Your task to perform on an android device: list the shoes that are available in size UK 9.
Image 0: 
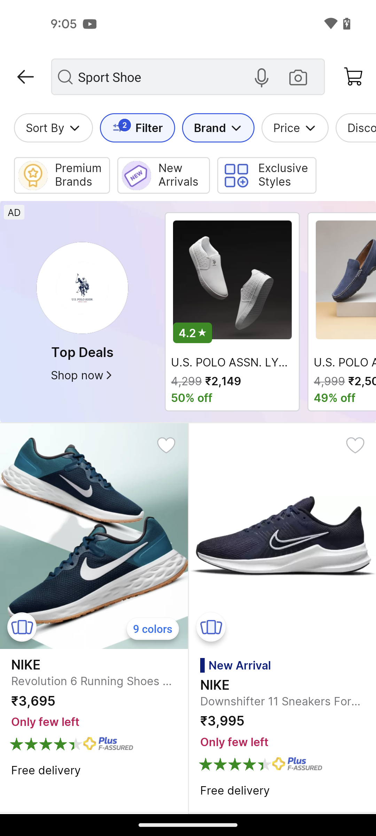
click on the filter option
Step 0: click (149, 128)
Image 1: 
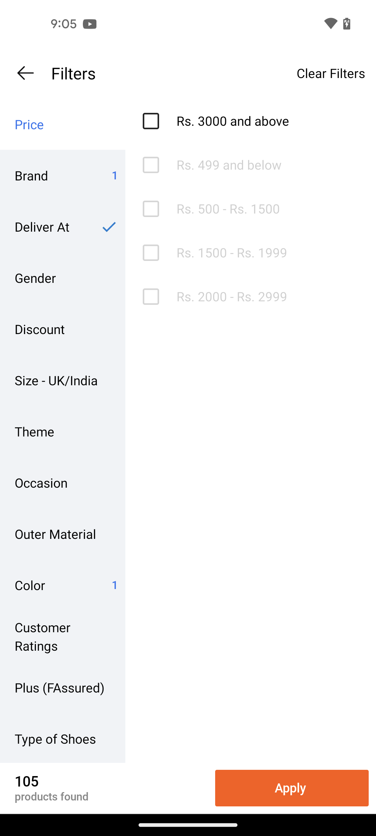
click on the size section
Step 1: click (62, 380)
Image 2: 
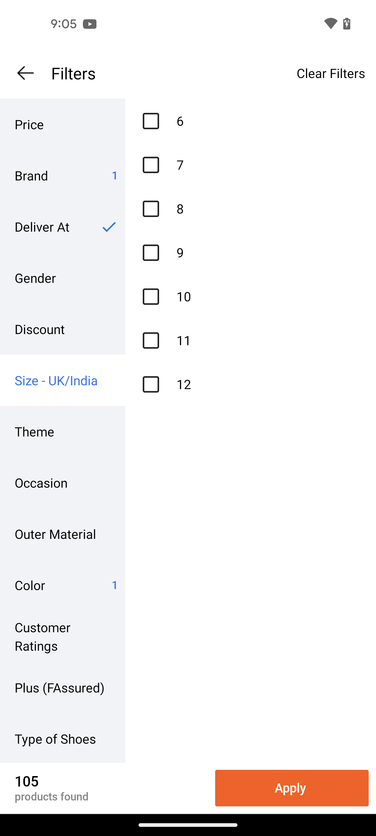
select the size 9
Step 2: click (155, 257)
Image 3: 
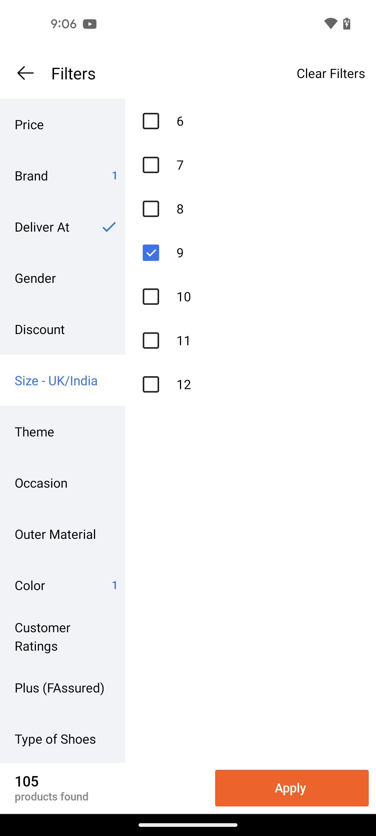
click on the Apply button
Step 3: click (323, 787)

───

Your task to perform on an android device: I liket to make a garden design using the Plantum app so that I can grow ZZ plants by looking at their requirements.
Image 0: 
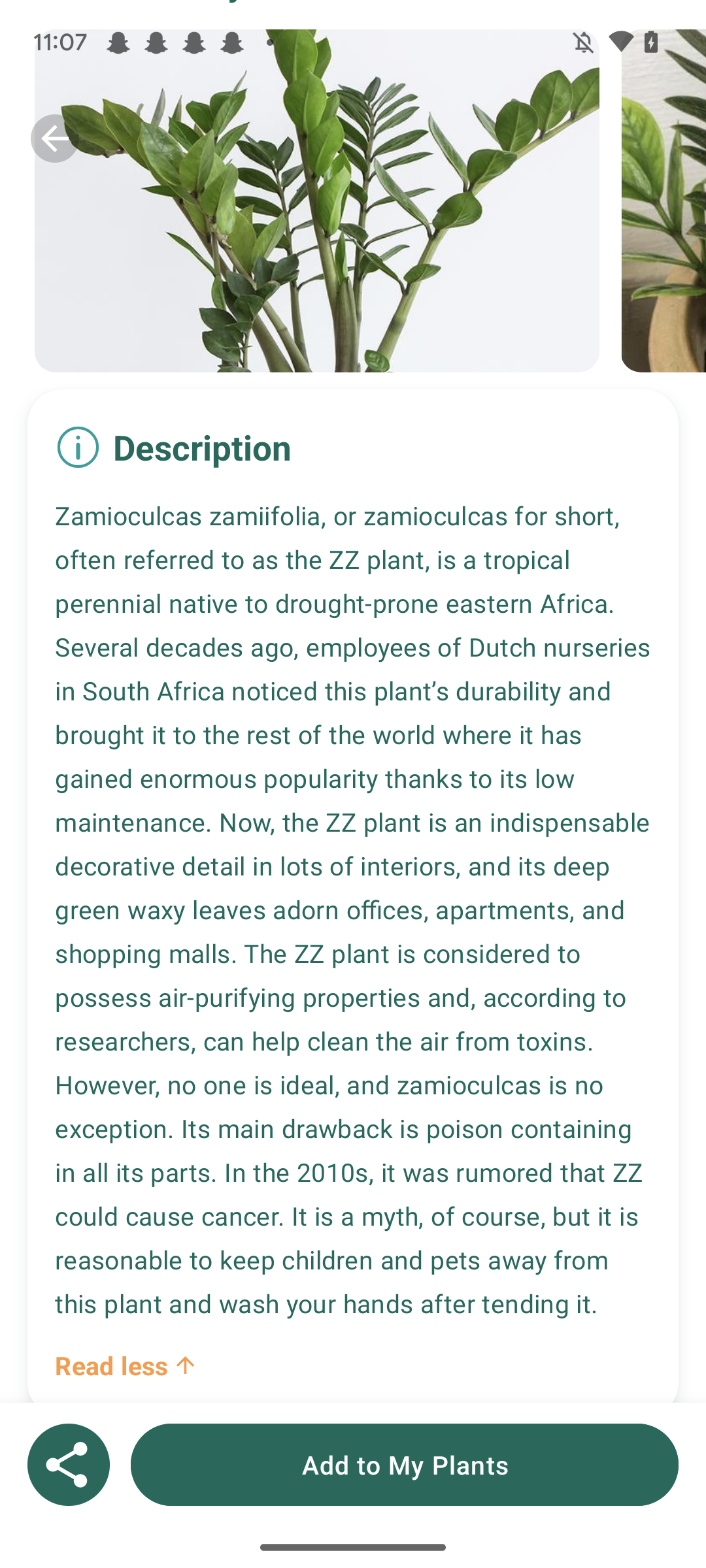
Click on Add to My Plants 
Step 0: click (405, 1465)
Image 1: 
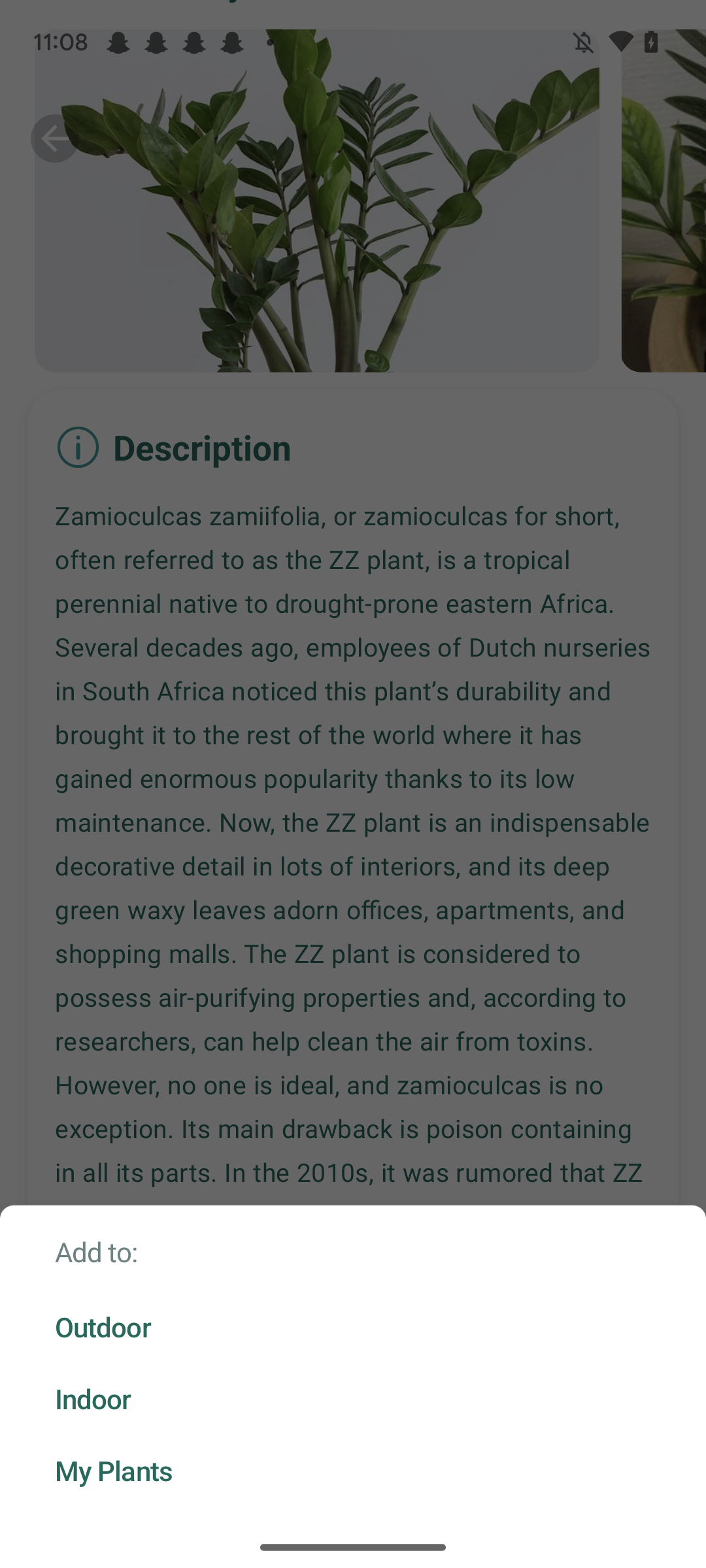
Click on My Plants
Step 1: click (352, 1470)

───

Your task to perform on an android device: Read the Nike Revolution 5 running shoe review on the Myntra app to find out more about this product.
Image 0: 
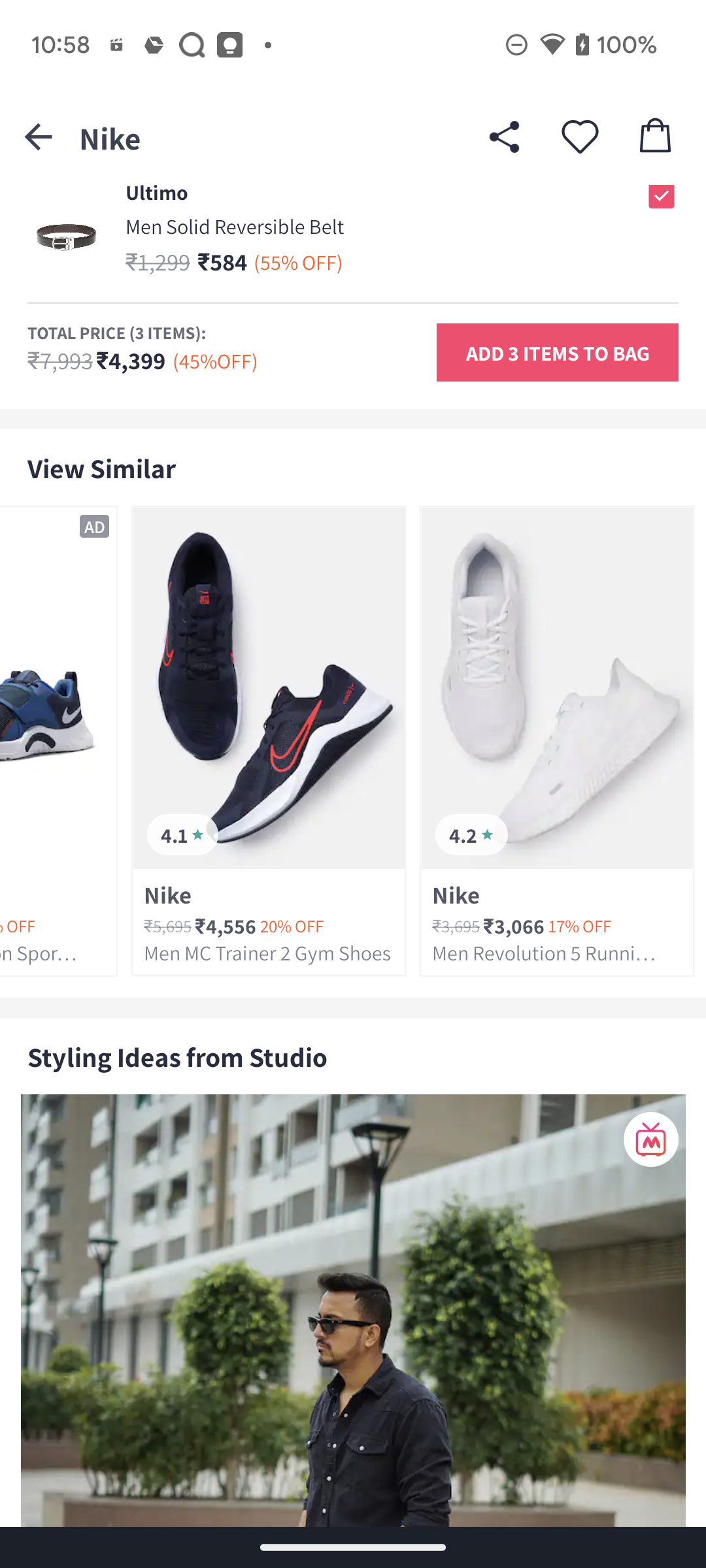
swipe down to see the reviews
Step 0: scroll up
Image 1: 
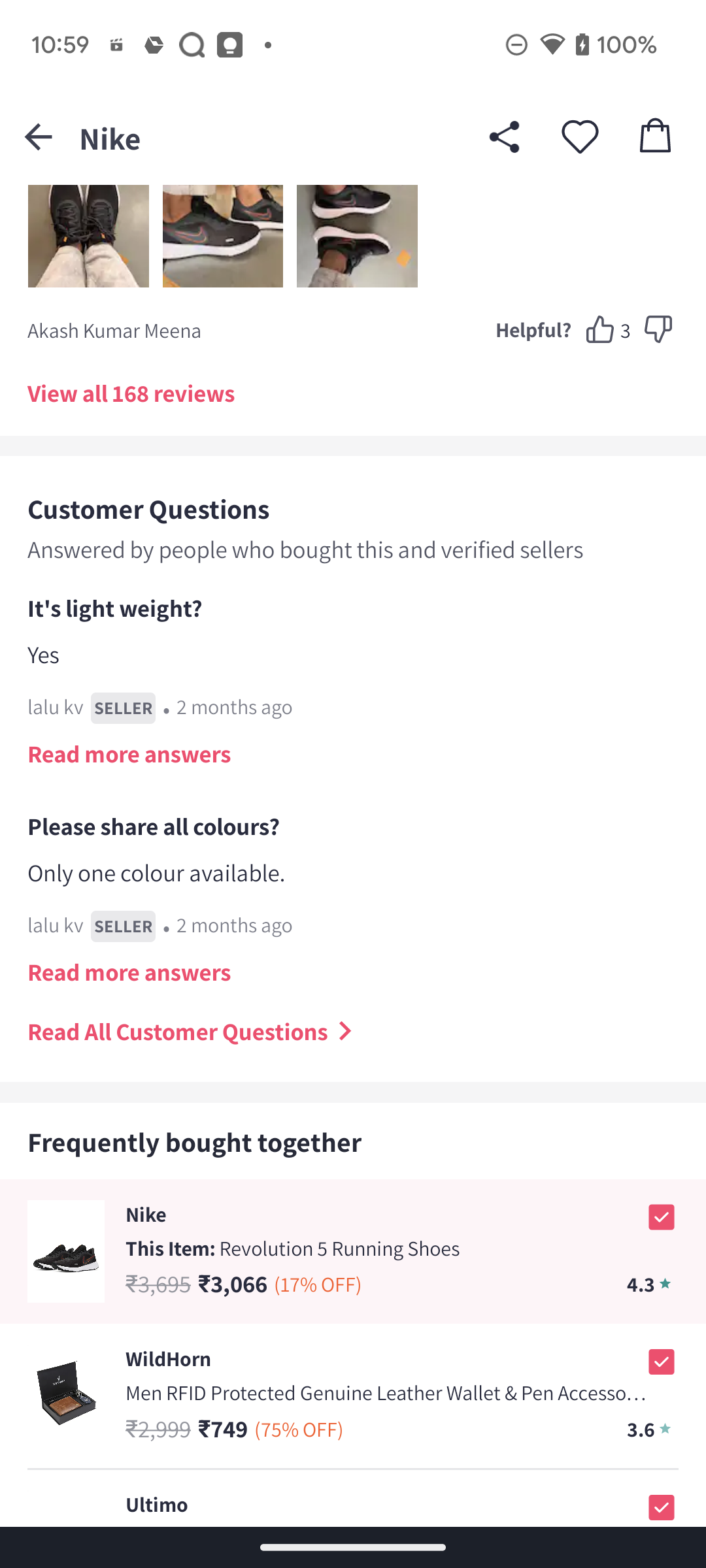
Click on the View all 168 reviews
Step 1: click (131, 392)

───

WORK REQUEST:
Set down again, exactly, every line above from the one with "Your task to perform on an android device: Read" down to the one with "Step 1: click (131, 392)", both ends included. No pictures, and nothing else.

YOUR SOLUTION:
Your task to perform on an android device: Read the Nike Revolution 5 running shoe review on the Myntra app to find out more about this product.
Image 0: 
swipe down to see the reviews
Step 0: scroll up
Image 1: 
Click on the View all 168 reviews
Step 1: click (131, 392)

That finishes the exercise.